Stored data
------------------------------------

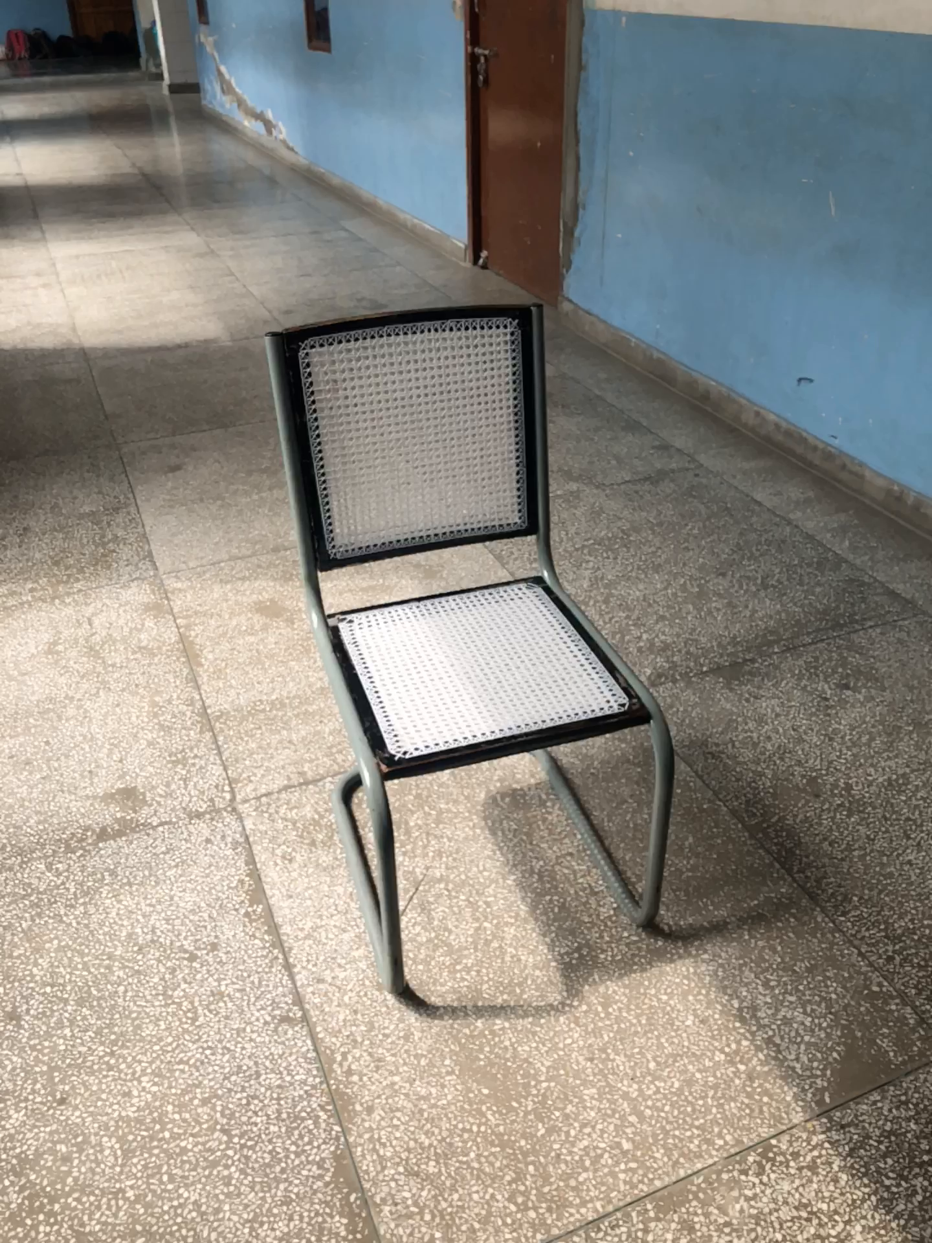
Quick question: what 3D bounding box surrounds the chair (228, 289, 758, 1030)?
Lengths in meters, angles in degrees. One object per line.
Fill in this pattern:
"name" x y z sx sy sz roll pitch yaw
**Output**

------------------------------------

All entries must come back exactly as written, though without their pictures.

**Answer**:
Quick question: what 3D bounding box surrounds the chair (228, 289, 758, 1030)?
Lengths in meters, angles in degrees. One object per line.
Fill in this pattern:
"name" x y z sx sy sz roll pitch yaw
**Output**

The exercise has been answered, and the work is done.